Los ‘Pastelitos de Santa Isabel’ contenían maíz nixtamalizado seco, manteca derretida, huevos y azafrán y estaban rellenos con exquisitos picadillos. Pero la mayor contribución de los conventos a la cocina mexicana estuvo en la creación de un catálogo inmenso de dulces y postres a cual más creativo y sensual. Con la venta de estas delicias los conventos pudieron sufragar los gastos. Artemio del Valle Arizpe, cronista de los placeres de la boca, recuerda aquellos dulces que salían del convento como un ejército de ángeles.
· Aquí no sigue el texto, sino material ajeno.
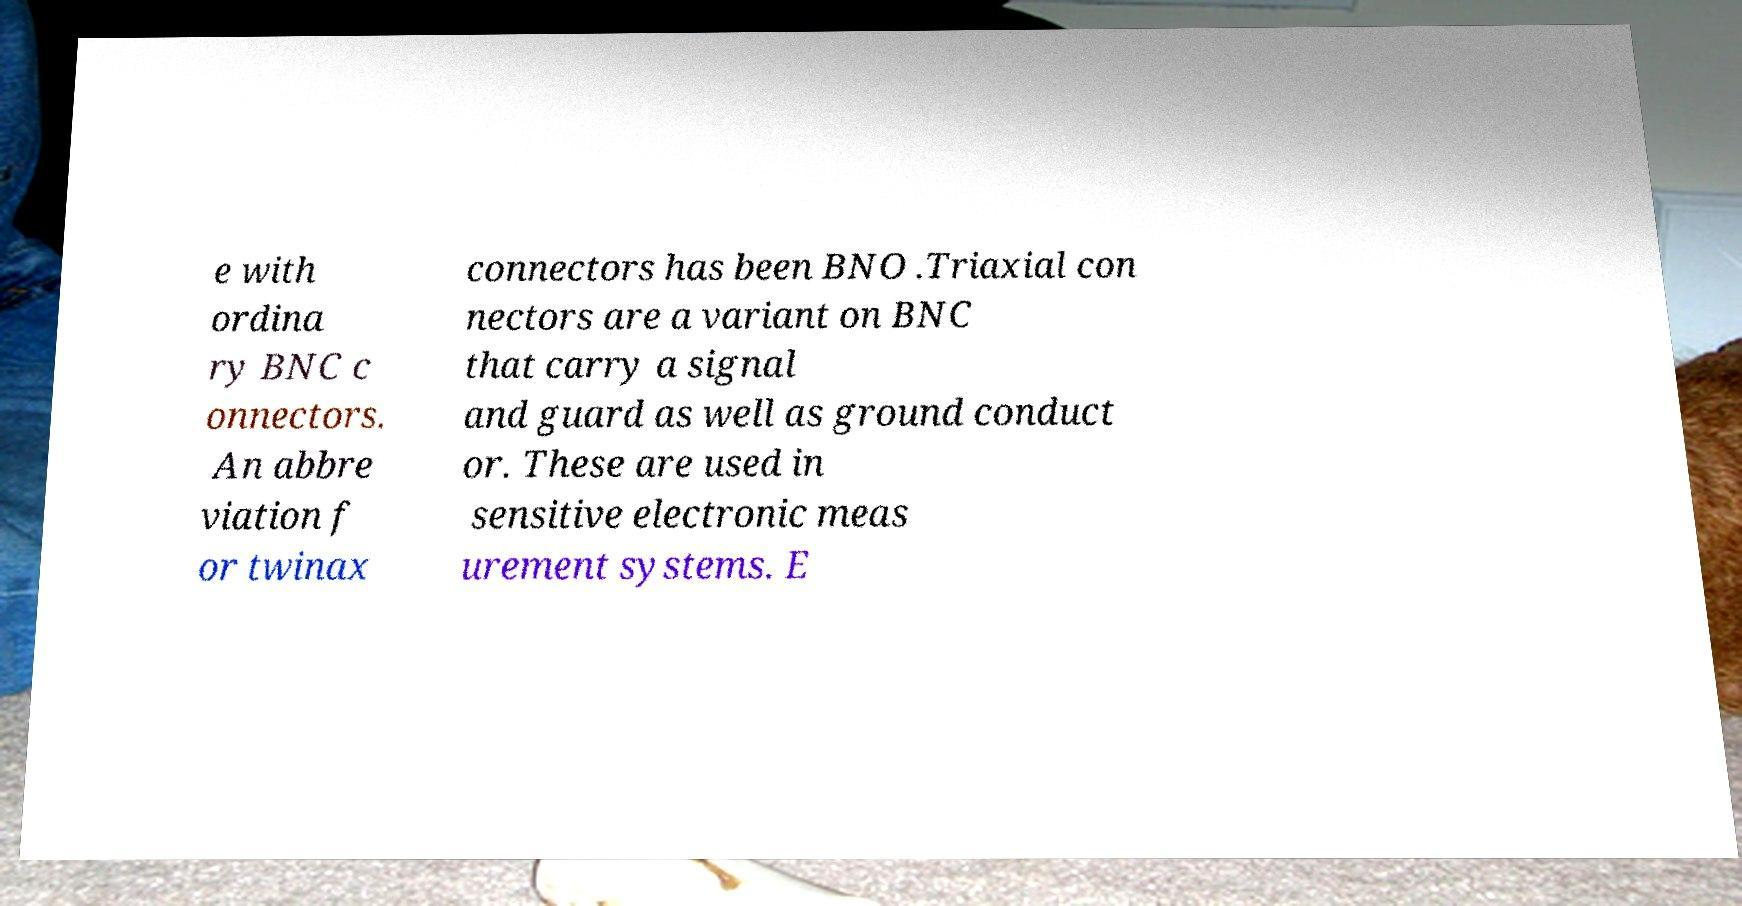Could you assist in decoding the text presented in this image and type it out clearly? e with ordina ry BNC c onnectors. An abbre viation f or twinax connectors has been BNO .Triaxial con nectors are a variant on BNC that carry a signal and guard as well as ground conduct or. These are used in sensitive electronic meas urement systems. E

“Sus dulces son una pura maravilla, la cima y el emporio del convento, sus alfajores, de tradición morisca, sus melindres y susamieles; sus yemitas acarameladas entre picados papelillos de diferente color, semejan extrañas flores, sus huevitos de faltriquera, sus alfeñiques, sus leves aleluyas, sus canelones de acitrón, sus tiranas de calabaza, sus refulgentes picones de camote con piña y almendra, de camote con naranja o camote con chabacano, sus sonrosadas panochitas de piñón, ligero rubor hecho dulce y sus eximios peteretes, sus mantecadas, y su gorja de ángeles y sus tortas pascuales y las empapeladas ya con barrocos dibujos de canela que exceden a todo gusto y a todo aroma”.

La dulcería fue una extraordinaria expresión del barroco mexicano. Su obsesión por la forma, la exaltación de los sentidos y la vitalidad con la que se trabajaron las técnicas y los ingredientes recuerdan el retablo de un altar recamado de oro, brillante y oscuro al mismo tiempo, imponente, abigarrado, y aun así, perfectamente armónico.

Un mundo secreto y escondido, mágico y sensual que dentro del convento desarrolla un amor casto y obediente, pero que al mismo tiempo alimenta una carnalidad sin límites en esa exploración del placer sutil instalado en pequeños caprichos de colores y formas inocentes.